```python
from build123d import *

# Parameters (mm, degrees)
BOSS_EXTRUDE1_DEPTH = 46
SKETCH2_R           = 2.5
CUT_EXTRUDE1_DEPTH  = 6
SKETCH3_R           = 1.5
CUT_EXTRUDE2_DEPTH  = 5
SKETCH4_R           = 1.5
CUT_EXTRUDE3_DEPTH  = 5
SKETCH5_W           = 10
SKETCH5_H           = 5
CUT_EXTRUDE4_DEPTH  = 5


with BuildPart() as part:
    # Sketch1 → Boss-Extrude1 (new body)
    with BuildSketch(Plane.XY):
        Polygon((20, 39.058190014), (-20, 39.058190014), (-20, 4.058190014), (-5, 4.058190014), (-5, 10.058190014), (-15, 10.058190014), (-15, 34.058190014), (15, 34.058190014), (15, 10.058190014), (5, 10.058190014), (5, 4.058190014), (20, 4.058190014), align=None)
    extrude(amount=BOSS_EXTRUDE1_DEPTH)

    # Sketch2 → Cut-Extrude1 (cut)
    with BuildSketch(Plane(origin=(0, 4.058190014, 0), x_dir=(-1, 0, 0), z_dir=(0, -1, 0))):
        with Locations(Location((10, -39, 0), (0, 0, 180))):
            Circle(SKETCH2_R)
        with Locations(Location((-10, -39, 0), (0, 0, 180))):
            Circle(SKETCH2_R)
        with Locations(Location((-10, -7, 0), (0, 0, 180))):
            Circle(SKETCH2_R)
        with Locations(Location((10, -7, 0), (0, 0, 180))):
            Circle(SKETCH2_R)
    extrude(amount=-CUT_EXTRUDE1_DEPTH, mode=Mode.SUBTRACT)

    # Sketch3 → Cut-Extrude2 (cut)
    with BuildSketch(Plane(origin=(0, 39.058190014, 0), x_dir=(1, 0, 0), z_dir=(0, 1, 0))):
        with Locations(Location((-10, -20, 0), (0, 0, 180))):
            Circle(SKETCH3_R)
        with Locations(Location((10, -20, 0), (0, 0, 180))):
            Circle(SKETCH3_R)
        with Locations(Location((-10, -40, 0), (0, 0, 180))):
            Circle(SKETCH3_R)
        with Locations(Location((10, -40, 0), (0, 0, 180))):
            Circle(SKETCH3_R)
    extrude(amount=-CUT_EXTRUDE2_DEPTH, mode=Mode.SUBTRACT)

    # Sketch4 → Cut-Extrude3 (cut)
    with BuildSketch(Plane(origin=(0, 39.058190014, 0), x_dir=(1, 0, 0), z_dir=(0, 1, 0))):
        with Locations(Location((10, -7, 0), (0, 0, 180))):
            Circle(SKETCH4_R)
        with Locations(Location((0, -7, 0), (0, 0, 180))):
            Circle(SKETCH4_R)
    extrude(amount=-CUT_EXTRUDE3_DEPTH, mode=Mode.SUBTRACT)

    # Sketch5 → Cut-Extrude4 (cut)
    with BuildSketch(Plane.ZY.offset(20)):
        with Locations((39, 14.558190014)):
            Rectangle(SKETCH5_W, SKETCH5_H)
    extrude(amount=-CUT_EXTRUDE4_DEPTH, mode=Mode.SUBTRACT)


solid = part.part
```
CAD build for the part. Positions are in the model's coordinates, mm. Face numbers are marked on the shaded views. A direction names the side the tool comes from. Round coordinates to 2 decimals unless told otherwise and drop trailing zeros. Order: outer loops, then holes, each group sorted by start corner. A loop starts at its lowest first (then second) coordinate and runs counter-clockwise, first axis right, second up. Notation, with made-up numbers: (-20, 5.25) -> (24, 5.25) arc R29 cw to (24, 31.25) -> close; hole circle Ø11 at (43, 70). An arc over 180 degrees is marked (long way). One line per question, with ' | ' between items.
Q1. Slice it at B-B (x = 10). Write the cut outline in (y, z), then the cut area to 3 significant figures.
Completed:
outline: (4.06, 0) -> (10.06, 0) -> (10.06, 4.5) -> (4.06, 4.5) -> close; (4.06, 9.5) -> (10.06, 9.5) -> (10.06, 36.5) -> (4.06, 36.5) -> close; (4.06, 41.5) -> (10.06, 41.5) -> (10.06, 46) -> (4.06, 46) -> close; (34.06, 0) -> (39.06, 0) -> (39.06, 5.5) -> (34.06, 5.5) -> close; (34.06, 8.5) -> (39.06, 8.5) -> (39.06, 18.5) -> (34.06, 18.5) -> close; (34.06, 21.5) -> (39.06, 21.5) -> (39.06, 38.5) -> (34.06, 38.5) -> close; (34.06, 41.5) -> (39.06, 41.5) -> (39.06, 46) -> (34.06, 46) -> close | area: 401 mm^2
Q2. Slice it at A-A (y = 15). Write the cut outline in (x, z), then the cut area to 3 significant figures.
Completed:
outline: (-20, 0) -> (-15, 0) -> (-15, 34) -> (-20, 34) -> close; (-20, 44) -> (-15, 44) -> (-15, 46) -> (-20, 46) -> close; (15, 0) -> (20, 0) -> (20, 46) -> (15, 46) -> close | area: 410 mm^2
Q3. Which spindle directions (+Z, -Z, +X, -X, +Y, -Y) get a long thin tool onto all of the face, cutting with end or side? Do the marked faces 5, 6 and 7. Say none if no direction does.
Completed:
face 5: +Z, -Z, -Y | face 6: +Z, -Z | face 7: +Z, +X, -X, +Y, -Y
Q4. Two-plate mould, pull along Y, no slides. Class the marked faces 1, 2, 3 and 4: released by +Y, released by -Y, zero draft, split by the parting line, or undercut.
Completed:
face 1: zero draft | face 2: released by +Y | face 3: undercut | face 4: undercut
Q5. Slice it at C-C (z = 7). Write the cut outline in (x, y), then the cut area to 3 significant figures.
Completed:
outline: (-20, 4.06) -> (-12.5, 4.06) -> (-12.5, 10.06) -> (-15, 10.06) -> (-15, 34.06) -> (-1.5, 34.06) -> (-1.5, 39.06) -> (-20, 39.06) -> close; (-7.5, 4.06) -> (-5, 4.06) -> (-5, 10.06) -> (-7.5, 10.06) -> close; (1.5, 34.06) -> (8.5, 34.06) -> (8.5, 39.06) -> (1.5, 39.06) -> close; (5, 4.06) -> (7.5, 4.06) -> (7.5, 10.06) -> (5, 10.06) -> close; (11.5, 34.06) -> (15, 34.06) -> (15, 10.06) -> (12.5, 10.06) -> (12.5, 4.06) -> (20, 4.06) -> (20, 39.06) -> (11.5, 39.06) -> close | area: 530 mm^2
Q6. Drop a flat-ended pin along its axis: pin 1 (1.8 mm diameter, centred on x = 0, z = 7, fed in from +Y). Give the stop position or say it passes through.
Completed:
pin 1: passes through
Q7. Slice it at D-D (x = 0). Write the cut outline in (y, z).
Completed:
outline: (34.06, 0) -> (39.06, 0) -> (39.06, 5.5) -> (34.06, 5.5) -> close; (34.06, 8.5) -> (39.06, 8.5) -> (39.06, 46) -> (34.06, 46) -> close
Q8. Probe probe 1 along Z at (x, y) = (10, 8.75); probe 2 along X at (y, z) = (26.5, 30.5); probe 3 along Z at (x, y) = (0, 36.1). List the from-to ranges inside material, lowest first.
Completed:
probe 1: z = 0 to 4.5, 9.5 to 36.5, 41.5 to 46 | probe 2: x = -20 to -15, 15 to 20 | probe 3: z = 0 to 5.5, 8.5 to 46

--

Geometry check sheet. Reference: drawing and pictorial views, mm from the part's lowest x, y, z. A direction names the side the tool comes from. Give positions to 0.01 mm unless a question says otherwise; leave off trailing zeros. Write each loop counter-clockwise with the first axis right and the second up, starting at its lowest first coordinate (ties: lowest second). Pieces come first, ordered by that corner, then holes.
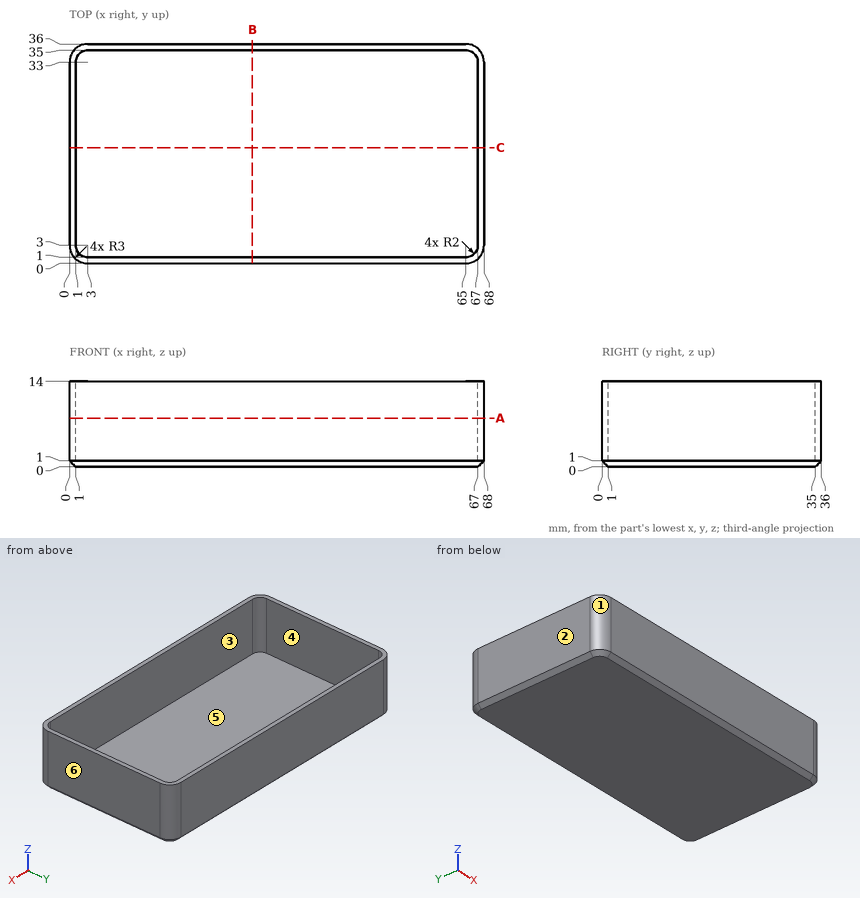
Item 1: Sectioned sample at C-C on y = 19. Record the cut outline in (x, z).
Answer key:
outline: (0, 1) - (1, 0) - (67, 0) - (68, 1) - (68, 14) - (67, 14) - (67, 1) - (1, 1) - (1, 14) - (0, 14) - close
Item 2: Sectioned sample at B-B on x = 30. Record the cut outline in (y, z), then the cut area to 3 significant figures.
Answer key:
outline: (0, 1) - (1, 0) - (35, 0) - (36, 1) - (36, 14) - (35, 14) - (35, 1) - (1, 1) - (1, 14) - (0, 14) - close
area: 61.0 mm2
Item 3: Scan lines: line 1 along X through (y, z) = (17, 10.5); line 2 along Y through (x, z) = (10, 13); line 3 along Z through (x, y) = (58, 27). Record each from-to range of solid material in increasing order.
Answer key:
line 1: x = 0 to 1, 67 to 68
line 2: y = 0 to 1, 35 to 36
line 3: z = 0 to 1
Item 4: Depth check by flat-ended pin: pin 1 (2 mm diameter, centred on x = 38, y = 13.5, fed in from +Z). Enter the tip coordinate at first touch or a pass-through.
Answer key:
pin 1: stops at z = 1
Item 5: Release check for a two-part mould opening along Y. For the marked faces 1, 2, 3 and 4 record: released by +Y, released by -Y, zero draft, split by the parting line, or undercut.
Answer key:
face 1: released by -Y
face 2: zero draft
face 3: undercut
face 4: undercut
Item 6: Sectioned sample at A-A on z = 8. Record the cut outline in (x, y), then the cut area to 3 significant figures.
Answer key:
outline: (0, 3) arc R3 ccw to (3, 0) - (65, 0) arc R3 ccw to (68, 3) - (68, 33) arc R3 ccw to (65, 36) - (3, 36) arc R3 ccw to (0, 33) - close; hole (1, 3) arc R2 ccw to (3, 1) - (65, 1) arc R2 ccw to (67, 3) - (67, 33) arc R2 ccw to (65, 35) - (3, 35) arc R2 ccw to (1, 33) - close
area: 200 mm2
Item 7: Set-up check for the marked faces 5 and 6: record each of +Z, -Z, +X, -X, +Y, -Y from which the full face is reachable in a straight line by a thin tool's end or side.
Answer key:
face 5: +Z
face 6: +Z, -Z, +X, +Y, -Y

--

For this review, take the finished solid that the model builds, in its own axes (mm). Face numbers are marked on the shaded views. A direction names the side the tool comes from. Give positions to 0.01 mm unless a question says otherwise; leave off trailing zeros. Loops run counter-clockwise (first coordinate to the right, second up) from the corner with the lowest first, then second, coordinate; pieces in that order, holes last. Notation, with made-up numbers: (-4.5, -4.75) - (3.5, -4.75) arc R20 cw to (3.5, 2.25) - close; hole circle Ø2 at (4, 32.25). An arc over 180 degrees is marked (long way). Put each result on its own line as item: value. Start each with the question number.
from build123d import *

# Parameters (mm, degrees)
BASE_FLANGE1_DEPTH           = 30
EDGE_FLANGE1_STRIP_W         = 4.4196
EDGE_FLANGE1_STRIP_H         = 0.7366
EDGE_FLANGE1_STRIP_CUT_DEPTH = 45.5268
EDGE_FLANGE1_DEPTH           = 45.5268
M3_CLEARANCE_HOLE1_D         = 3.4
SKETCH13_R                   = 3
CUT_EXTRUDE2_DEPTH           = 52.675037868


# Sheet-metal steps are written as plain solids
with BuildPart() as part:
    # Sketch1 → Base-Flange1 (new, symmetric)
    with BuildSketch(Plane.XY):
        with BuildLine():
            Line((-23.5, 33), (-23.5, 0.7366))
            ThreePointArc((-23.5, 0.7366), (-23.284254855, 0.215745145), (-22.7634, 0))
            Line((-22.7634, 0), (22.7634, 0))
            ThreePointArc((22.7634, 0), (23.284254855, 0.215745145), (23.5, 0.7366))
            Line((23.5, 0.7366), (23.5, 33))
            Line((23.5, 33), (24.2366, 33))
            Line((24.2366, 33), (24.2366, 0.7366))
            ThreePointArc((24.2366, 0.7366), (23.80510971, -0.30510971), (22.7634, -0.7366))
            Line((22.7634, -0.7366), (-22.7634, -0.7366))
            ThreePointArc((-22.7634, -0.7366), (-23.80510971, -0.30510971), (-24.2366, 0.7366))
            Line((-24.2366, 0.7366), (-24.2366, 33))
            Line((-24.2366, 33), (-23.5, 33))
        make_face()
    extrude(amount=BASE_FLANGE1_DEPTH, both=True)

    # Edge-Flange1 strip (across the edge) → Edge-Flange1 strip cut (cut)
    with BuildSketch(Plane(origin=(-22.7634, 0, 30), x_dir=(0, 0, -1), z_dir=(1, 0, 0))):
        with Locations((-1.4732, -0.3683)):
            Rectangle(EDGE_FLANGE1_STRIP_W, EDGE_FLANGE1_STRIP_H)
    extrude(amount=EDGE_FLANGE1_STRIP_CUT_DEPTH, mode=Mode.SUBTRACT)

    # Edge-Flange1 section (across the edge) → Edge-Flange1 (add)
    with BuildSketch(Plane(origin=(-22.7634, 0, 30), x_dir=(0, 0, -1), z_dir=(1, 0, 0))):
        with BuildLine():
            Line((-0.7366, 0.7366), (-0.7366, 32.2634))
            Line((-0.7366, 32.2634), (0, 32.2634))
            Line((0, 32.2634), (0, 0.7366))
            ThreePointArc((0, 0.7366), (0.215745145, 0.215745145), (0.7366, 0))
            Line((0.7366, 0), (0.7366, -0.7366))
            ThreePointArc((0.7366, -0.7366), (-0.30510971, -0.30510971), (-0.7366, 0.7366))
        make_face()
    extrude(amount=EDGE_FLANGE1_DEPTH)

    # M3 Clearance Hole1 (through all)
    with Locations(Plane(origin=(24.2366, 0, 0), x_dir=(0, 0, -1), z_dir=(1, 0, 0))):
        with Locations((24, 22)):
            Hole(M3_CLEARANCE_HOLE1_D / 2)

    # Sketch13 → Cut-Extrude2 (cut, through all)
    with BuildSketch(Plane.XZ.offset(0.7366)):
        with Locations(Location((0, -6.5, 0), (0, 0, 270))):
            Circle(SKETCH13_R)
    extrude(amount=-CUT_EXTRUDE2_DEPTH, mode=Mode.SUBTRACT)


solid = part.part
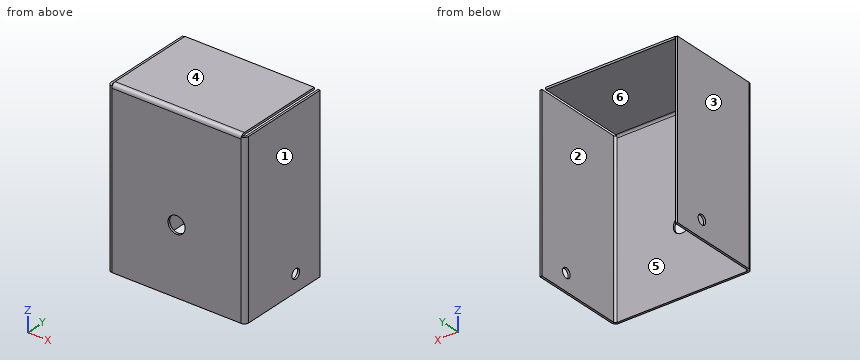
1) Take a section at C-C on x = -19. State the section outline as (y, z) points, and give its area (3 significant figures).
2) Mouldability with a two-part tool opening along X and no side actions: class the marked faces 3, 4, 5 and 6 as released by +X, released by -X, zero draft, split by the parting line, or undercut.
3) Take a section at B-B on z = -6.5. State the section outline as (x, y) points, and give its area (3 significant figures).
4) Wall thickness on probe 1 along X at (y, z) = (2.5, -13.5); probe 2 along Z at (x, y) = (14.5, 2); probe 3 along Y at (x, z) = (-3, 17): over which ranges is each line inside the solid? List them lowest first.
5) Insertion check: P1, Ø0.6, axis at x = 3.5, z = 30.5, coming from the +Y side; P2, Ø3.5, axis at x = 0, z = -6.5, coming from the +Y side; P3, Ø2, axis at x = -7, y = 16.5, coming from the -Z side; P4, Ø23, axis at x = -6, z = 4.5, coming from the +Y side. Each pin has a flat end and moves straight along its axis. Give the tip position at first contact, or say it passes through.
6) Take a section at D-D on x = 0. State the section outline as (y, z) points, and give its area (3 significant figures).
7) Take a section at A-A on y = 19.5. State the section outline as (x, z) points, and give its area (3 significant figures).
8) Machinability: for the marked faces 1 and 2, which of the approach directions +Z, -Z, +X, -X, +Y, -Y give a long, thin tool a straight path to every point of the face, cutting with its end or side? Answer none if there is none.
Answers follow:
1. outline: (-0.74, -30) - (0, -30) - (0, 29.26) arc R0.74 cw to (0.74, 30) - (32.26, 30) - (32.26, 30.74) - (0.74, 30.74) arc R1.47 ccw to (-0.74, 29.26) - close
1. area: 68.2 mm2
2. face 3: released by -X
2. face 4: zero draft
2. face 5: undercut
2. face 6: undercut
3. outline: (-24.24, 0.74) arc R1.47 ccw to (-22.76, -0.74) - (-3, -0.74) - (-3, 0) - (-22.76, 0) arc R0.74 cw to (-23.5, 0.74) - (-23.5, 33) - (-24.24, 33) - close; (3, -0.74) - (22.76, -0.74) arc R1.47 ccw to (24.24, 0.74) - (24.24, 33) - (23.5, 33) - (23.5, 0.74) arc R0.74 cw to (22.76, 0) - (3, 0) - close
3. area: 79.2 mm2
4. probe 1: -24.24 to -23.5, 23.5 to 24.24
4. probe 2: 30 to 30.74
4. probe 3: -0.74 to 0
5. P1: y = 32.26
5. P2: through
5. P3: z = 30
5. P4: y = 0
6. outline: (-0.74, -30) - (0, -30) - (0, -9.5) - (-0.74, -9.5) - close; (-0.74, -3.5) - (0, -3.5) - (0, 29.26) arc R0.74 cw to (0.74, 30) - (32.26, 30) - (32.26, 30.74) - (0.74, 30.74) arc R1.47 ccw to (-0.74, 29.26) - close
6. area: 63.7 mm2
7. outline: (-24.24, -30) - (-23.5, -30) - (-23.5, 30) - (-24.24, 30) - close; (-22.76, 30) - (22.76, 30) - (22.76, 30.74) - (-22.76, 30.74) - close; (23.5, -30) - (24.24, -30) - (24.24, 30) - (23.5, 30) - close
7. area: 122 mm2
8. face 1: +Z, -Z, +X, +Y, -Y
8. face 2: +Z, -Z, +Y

■ TO DO ■
Where a line of the data holds the word "straight", copy that line.

■ YOUR RESPONSE ■
Item 7: Set-up check for the marked faces 5 and 6: record each of +Z, -Z, +X, -X, +Y, -Y from which the full face is reachable in a straight line by a thin tool's end or side.
5) Insertion check: P1, Ø0.6, axis at x = 3.5, z = 30.5, coming from the +Y side; P2, Ø3.5, axis at x = 0, z = -6.5, coming from the +Y side; P3, Ø2, axis at x = -7, y = 16.5, coming from the -Z side; P4, Ø23, axis at x = -6, z = 4.5, coming from the +Y side. Each pin has a flat end and moves straight along its axis. Give the tip position at first contact, or say it passes through.
8) Machinability: for the marked faces 1 and 2, which of the approach directions +Z, -Z, +X, -X, +Y, -Y give a long, thin tool a straight path to every point of the face, cutting with its end or side? Answer none if there is none.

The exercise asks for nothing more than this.